Directed by: Guy Ritchie
Premise: An adaptation of the television series. Set in the early 1960s, a CIA agent (Henry Cavill) and a KGB agent (Armie Hammer) are assigned to work together to foil a terrorist plot.
What Works: The films of director Guy Ritchie tend to have a signature style. Pictures like Snatch, Lock, Stock, and Two Smoking Barrels, and 2009’s Sherlock Holmes often utilize quick camera moves, frantic editing, and extreme slowdowns and speed ups of the action. Ritchie tones down his cinematic style for The Man from U.N.C.L.E. and it is for the better. The movie still has the cartoonish vibe of Ritchie’s work but The Man from U.N.C.L.E. is more coherent and watchable than some of the director’s other films. The Man from U.N.C.L.E. is an adaption of the 1960s television series and the filmmakers do a sufficient job of updating it for a contemporary audience while maintaining enough of a tether to the source material. The film primarily succeeds on the strengths of its three lead actors. Henry Cavill plays CIA agent Napoleon Solo while Armie Hammer is KGB agent Illya Kuryakin. The film opens with Solo smuggling a young woman out of East Germany while Kuryakin attempts to kill them and this nicely sets up the distrust and competition between the characters for the rest of the film. Each actor is given specific character turf with Cavill smooth and unflappable and Hammer angry and violent. Their banter provides a lot of the best material of the movie and Cavill and Hammer demonstrate an unexpected capacity for comedy. Of the two, Hammer is more interesting to watch because he is set up as a cold hearted killer and then slowly revealed to be more complex. The American and Russian spies are joined on their mission by an asset played by Alicia Vikander. She is more than a damsel in distress and Vikander and Hammer have some nice scenes together.

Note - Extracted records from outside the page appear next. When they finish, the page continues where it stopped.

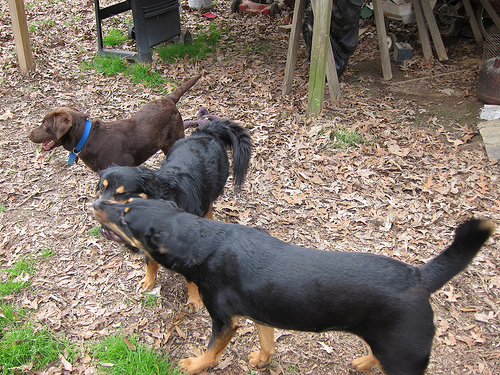<image>
Can you confirm if the dog is behind the dog? Yes. From this viewpoint, the dog is positioned behind the dog, with the dog partially or fully occluding the dog. Where is the dog in relation to the grace? Is it next to the grace? No. The dog is not positioned next to the grace. They are located in different areas of the scene. 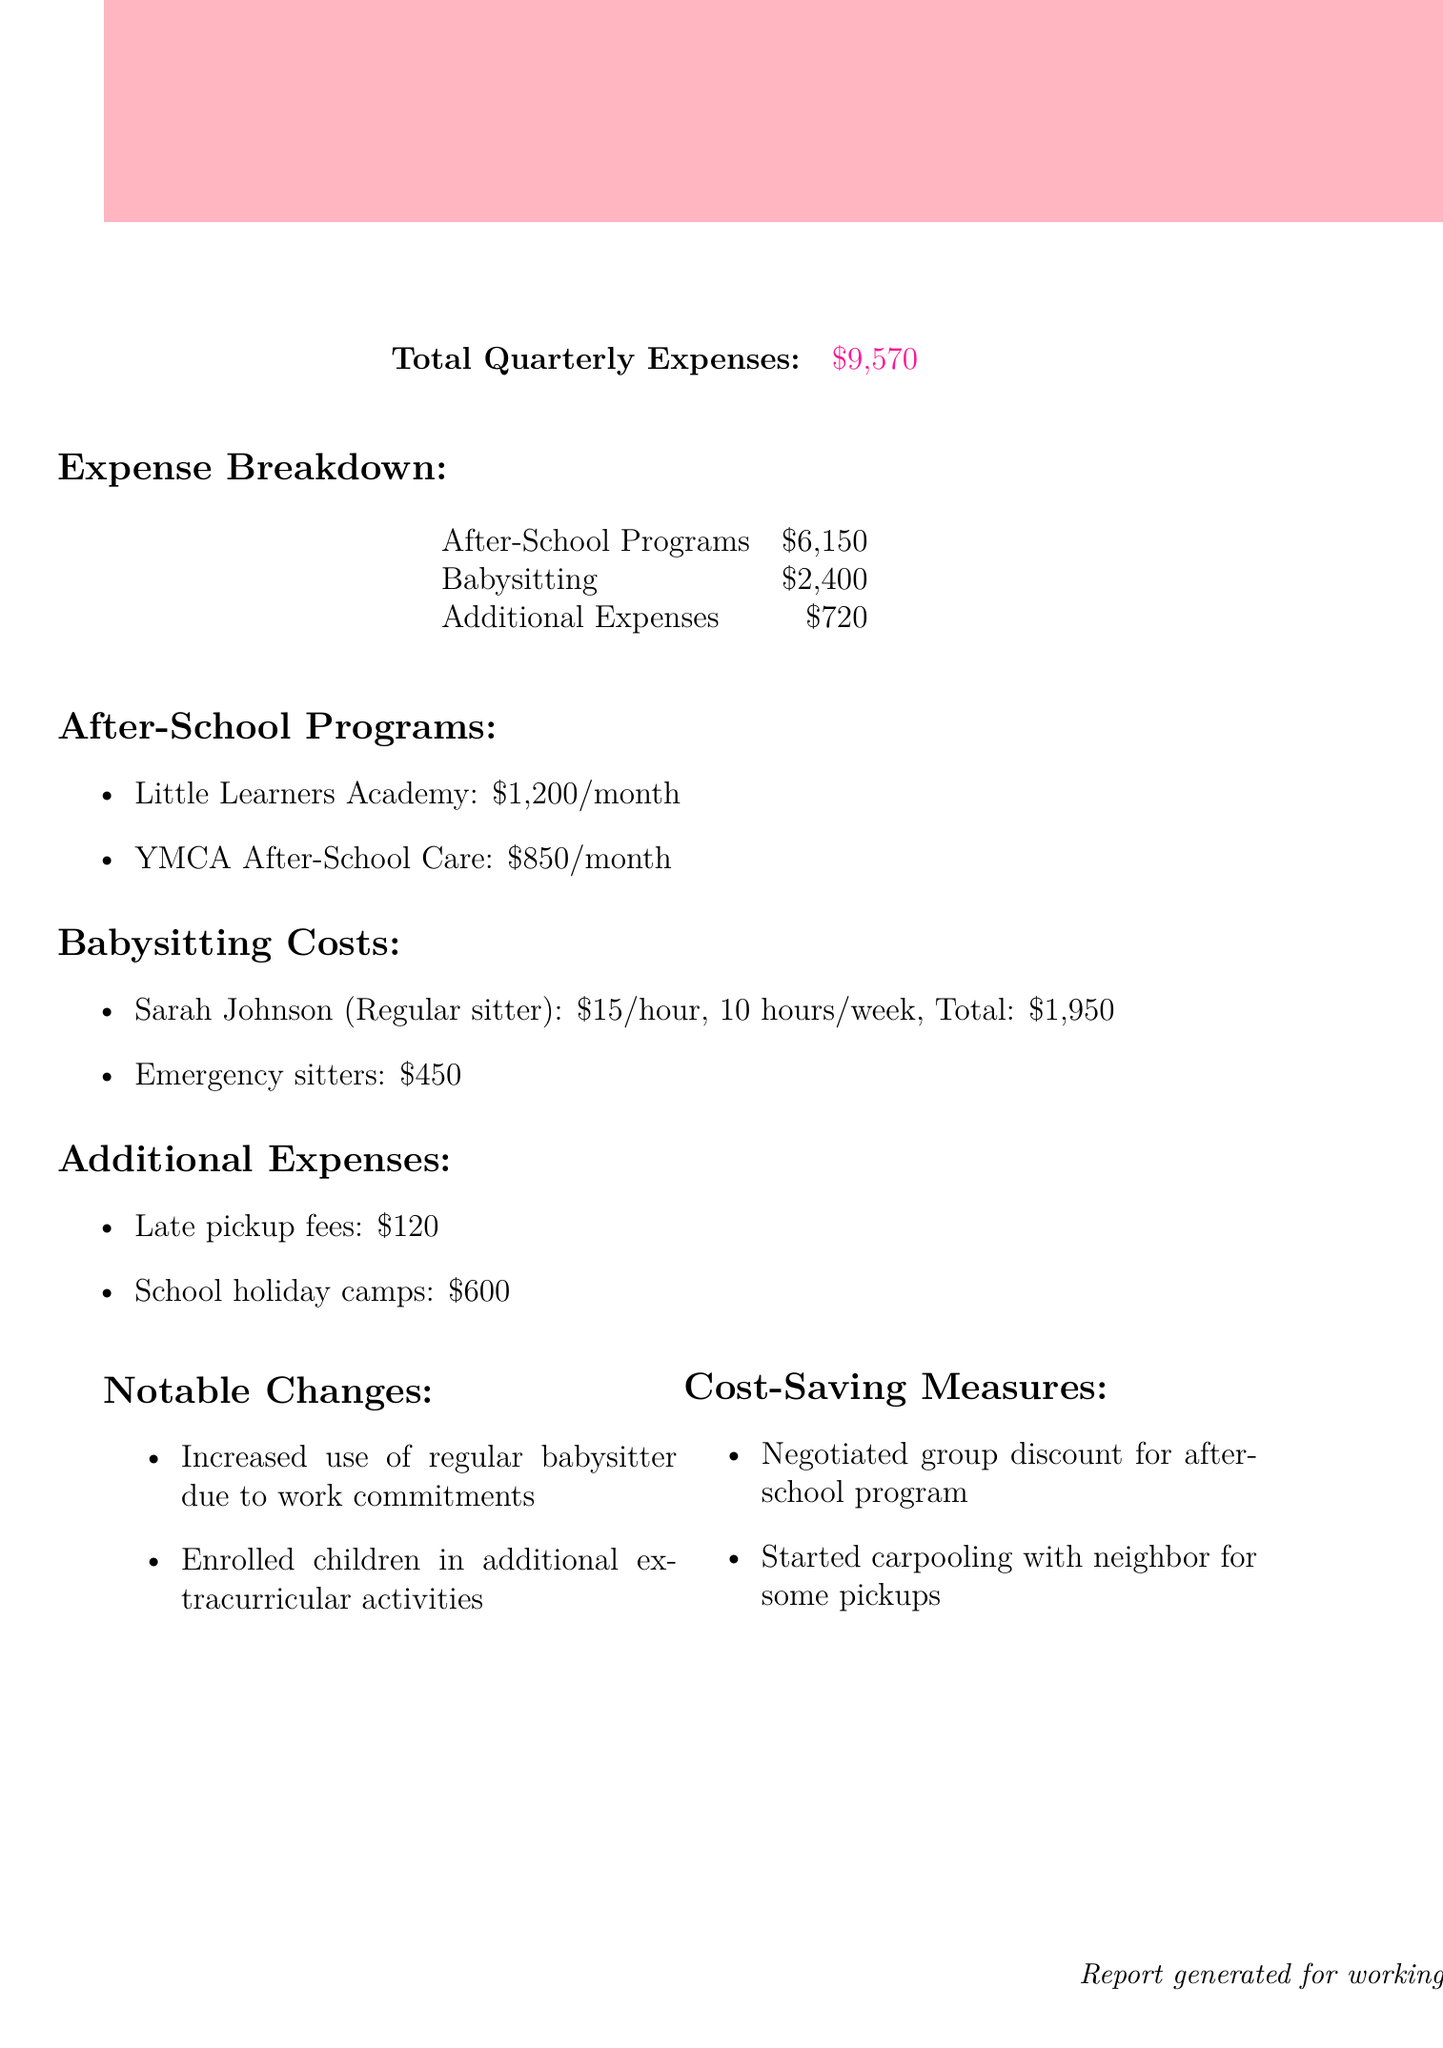What is the total quarterly expense? The total quarterly expense is listed in the document under total quarterly expenses.
Answer: $9,570 What is the cost of Little Learners Academy per month? The cost for Little Learners Academy is specified as a monthly cost in the after-school programs section.
Answer: $1,200 How much was spent on babysitting costs in total? The total babysitting costs are summed up in the expense breakdown section.
Answer: $2,400 What are late pickup fees? Late pickup fees are listed under additional expenses in the document, specifying the type of expense.
Answer: $120 What notable change occurred regarding babysitting? One of the notable changes mentioned in the document relates to the increased use of a regular babysitter.
Answer: Increased use of regular babysitter How much was spent on school holiday camps? The expense for school holiday camps can be found in the additional expenses section of the document.
Answer: $600 How frequently are payments made to YMCA After-School Care? The frequency of payments to YMCA After-School Care is indicated in the after-school programs section of the document.
Answer: Monthly What cost-saving measure was implemented? One of the cost-saving measures is mentioned under cost-saving measures, explaining the approach taken.
Answer: Negotiated group discount for after-school program How much was spent on additional expenses during the quarter? The total additional expenses figure can be found in the expense breakdown section.
Answer: $720 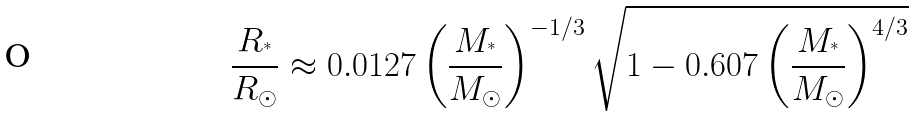<formula> <loc_0><loc_0><loc_500><loc_500>\frac { R _ { ^ { * } } } { R _ { \odot } } \approx 0 . 0 1 2 7 \left ( \frac { M _ { ^ { * } } } { M _ { \odot } } \right ) ^ { - 1 / 3 } \sqrt { 1 - 0 . 6 0 7 \left ( \frac { M _ { ^ { * } } } { M _ { \odot } } \right ) ^ { 4 / 3 } }</formula> 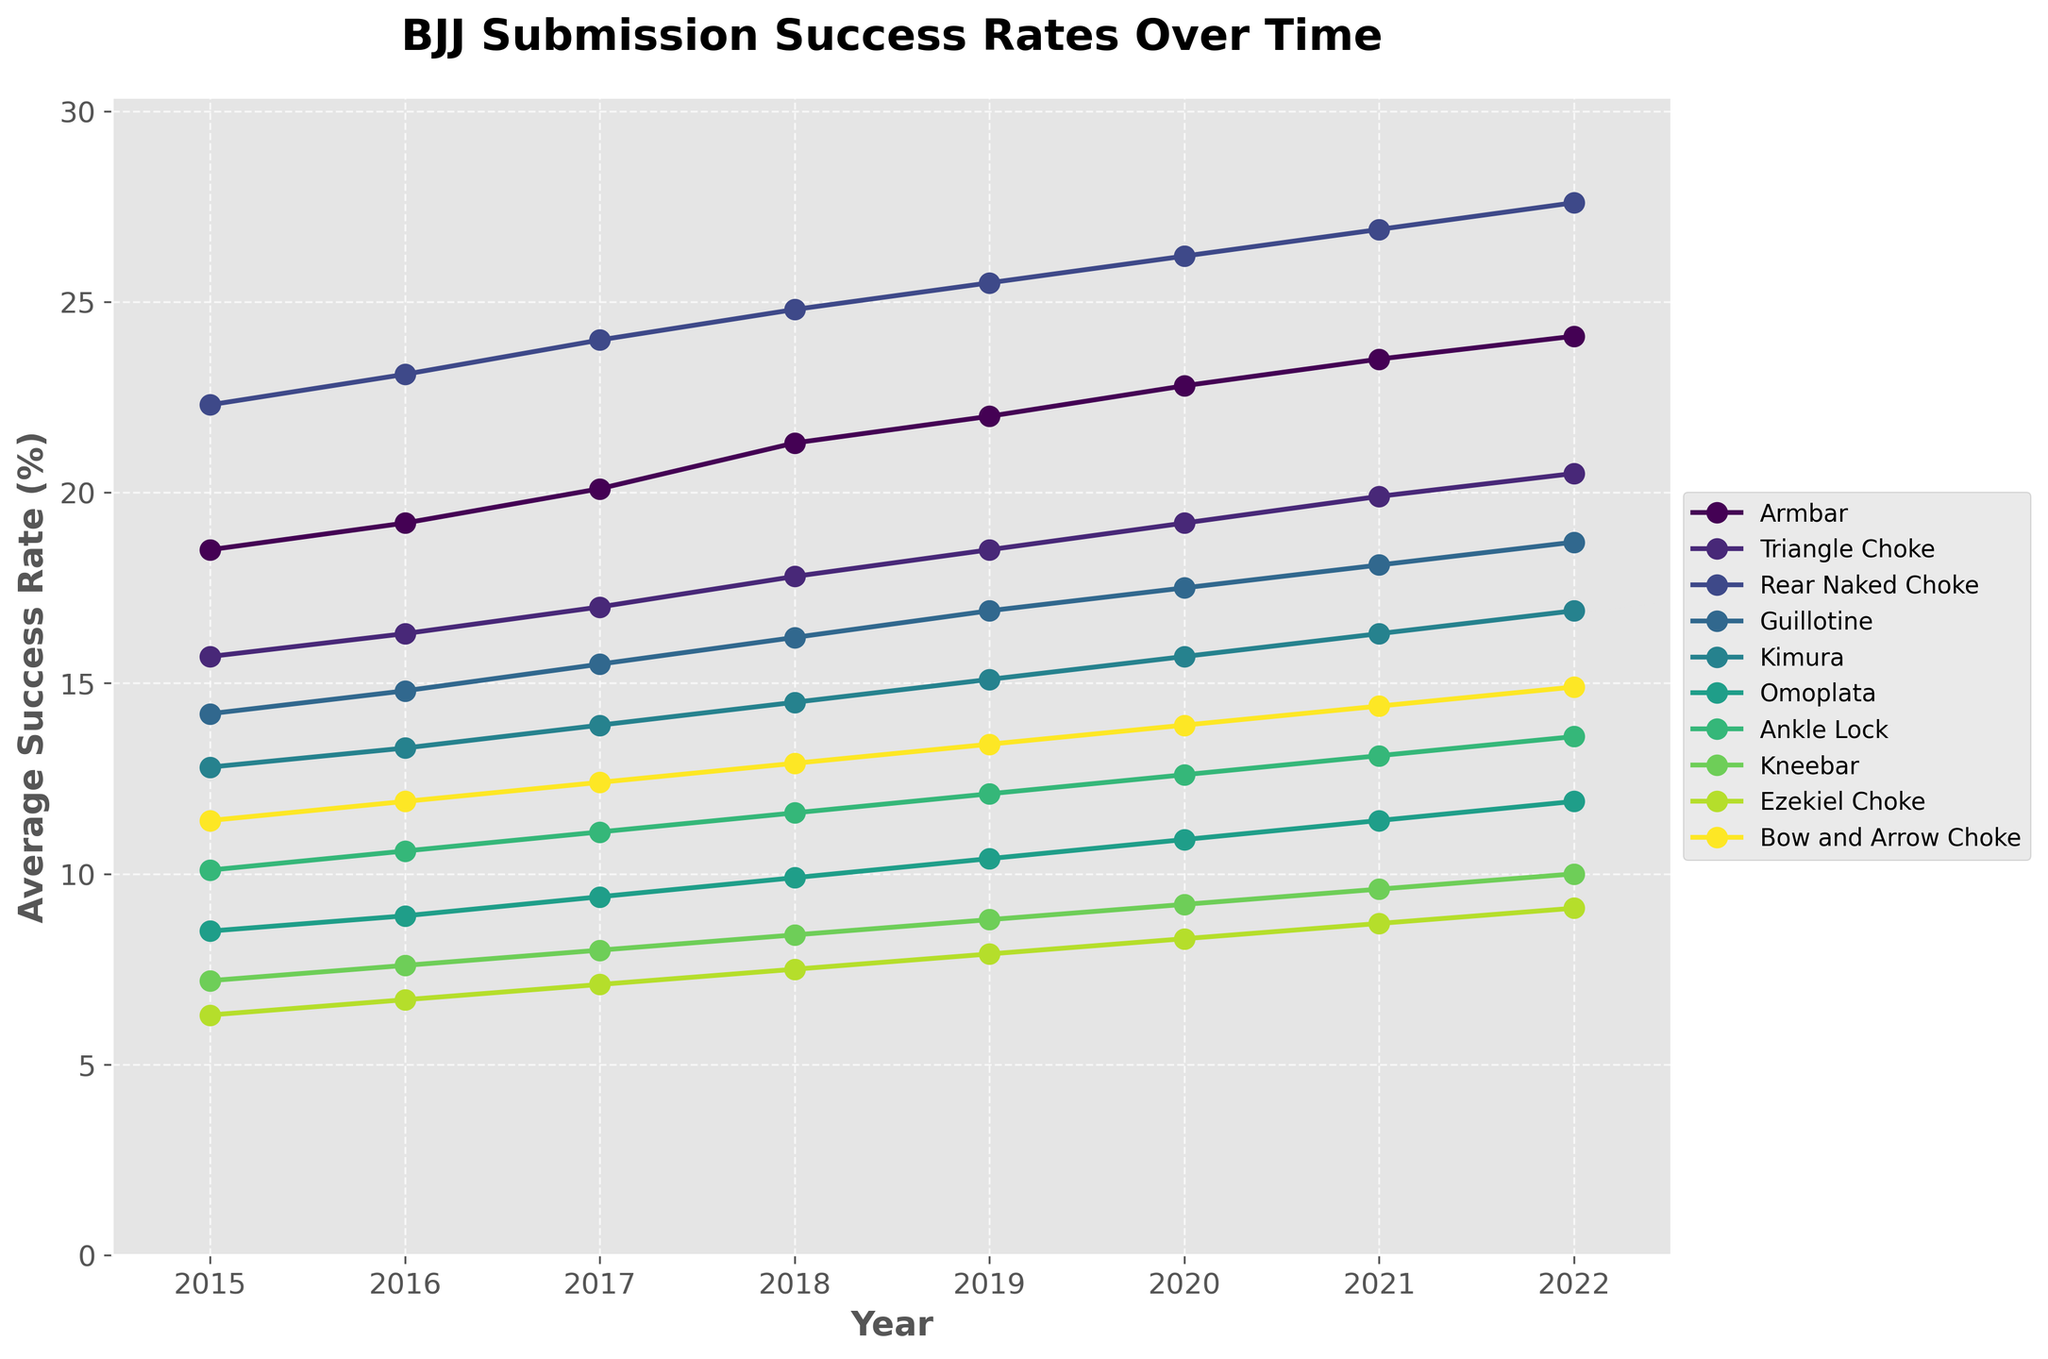Which technique had the highest average success rate in 2022? By looking at the the rates for each technique in 2022, Rear Naked Choke has the highest value at 27.6%.
Answer: Rear Naked Choke How did the success rate of the Armbar change from 2015 to 2022? Subtract the 2015 value (18.5%) from the 2022 value (24.1%). The difference is 5.6% (24.1% - 18.5%).
Answer: Increased by 5.6% Which technique showed the greatest improvement in success rate over the period from 2015 to 2022? Calculate the difference for each technique between 2022 and 2015. The technique with the largest difference is the Rear Naked Choke (27.6% - 22.3% = 5.3%).
Answer: Rear Naked Choke What is the difference in success rate between the Guillotine and the Omoplata in 2020? Subtract the 2020 Omoplata value (10.9%) from the 2020 Guillotine value (17.5%). The difference is 6.6% (17.5% - 10.9%).
Answer: 6.6% On average, how much did the success rate for Kimura increase each year from 2015 to 2022? The total increase from 2015 to 2022 is (16.9% - 12.8% = 4.1%). Divide this by the number of years (7). The average annual increase is 4.1% / 7 ≈ 0.585%.
Answer: 0.585% Were there any years where the success rate of the Triangle Choke was greater than that of the Armbar? No year in which the success rate of the Triangle Choke is higher than the Armbar, as per the visual inspection.
Answer: No Which two techniques had the closest success rates in 2019? Look for techniques with small differences in 2019 values. The Guillotine (16.9%) and Bow and Arrow Choke (13.4%) are the closest, with a difference of (16.9% - 13.4% = 3.5%).
Answer: Guillotine and Bow and Arrow Choke Which technique with a success rate below 15% in 2015 had the greatest increase by 2022? Identify the techniques below 15% in 2015 (Guillotine, Kimura, Omoplata, Ankle Lock, Kneebar, Ezekiel Choke). Calculate each increase from 2015 to 2022. The one with the greatest increase is the Ezekiel Choke (9.1% - 6.3% = 2.8%).
Answer: Ezekiel Choke How many techniques had a success rate above 20% in 2022? Count the techniques with a value above 20% in 2022. They are Armbar, Triangle Choke, and Rear Naked Choke.
Answer: 3 Which technique had the steepest decline or the smallest improvement in success rate between 2015 and 2022? All techniques showed improvement. The one with the smallest improvement is the Ezekiel Choke (9.1% - 6.3% = 2.8%).
Answer: Ezekiel Choke 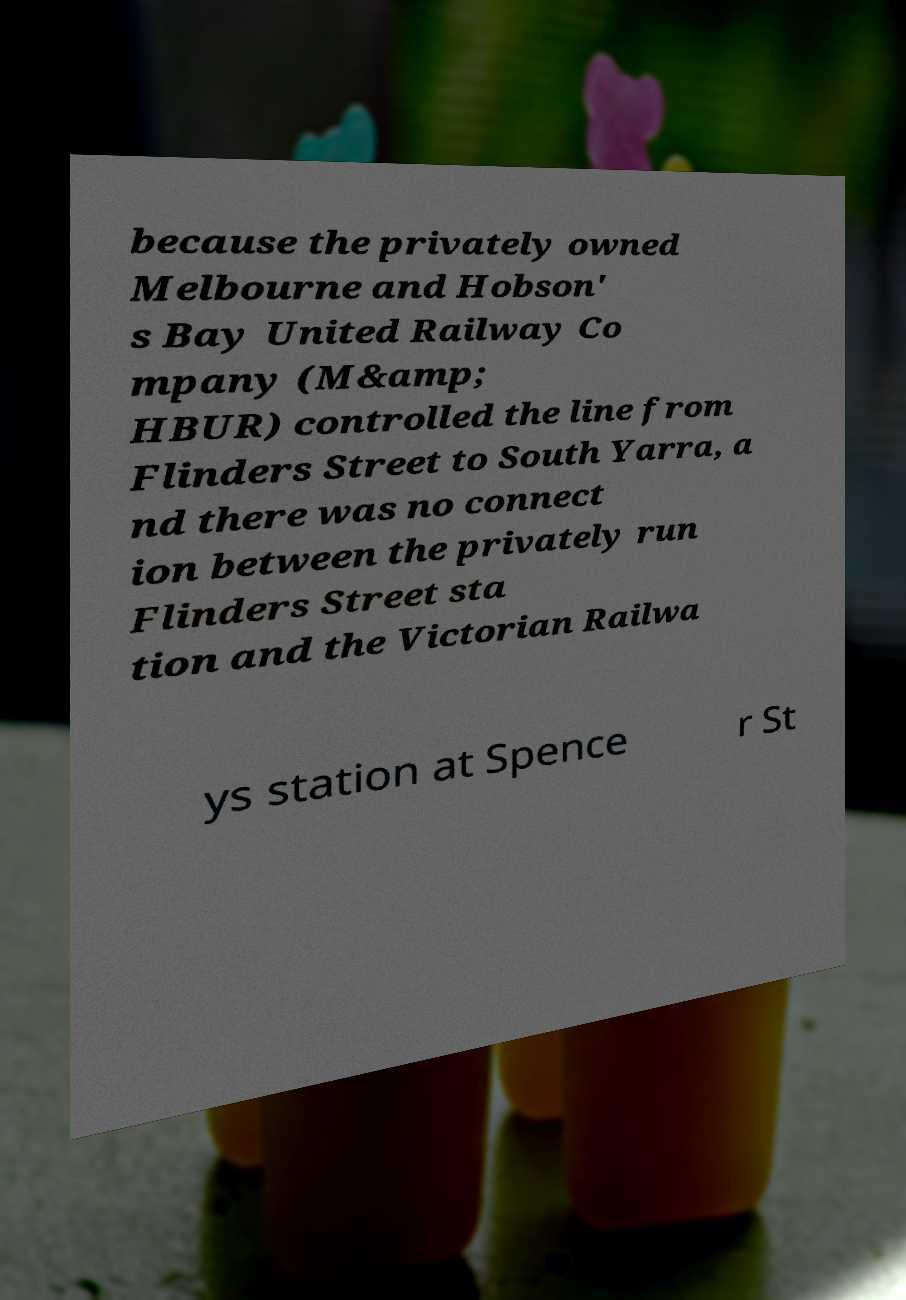There's text embedded in this image that I need extracted. Can you transcribe it verbatim? because the privately owned Melbourne and Hobson' s Bay United Railway Co mpany (M&amp; HBUR) controlled the line from Flinders Street to South Yarra, a nd there was no connect ion between the privately run Flinders Street sta tion and the Victorian Railwa ys station at Spence r St 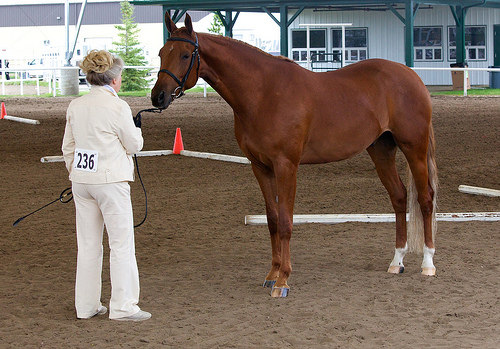<image>
Can you confirm if the lady is on the horse? No. The lady is not positioned on the horse. They may be near each other, but the lady is not supported by or resting on top of the horse. Is there a women to the right of the horse? No. The women is not to the right of the horse. The horizontal positioning shows a different relationship. Is the horse in front of the trainer? Yes. The horse is positioned in front of the trainer, appearing closer to the camera viewpoint. Is there a woman in front of the horse? Yes. The woman is positioned in front of the horse, appearing closer to the camera viewpoint. Is the cone in front of the horse? No. The cone is not in front of the horse. The spatial positioning shows a different relationship between these objects.

What Doesn’t: In a full marketplace, comparison is inevitable. The year 2015 has seen the release of several movies that channel the James Bond films of the past. Kingsman: The Secret Service was a cheeky nod to the Roger Moore-era Bond pictures while Spy was an outright parody of the genre. Like those movies, The Man from U.N.C.L.E. also pines for the spy films of the past and it mixes action with laughs. But in comparison to its competition this movie comes in third out of three. The Man from U.N.C.L.E. does not do its action quite as well as Kingsman nor does it provide as many laughs as Spy. (Spy arguably outdoes The Man from U.N.C.L.E. in the action department as well.) The movie works overall but the fact is that other filmmakers have done exactly what’s intended in The Man from U.N.C.L.E. and done it better. The serious portions of The Man from U.N.C.L.E. suffer from basic storytelling flaws. Chiefly, the movie underwrites its villains. The antagonist of The Man from U.N.C.L.E. is a married couple who head a terrorist organization and have developed a small atomic bomb. The villains of these kinds of movies usually have a motivation like money, ideology, or madness, but the villains of The Man from U.N.C.L.E. don’t really have any agenda. Actress Elizabeth Debicki makes up for some of the lack of substance with her performance but the character is virtually the same as the villainess played by Rose Byrne in Spy and Byne’s character actually did some evil things whereas Debicki’s character doesn’t actually do much of anything. That’s the other main problem of this movie: there are no concrete stakes. The heroes must steal the bomb-making plans but there’s no specific consequences if they fail and the ending lacks a ticking clock plot device that increases the tension and raises the stakes. The ending of The Man from U.N.C.L.E. is especially flat. The movie does not come to a climax so much as it just stops.
Bottom Line: The Man from U.N.C.L.E. is fun although not as fun as either Kingsman or Spy. The movie is enjoyable enough and it has a very likable cast but it falters on the action front and it’s a little too light for its own good.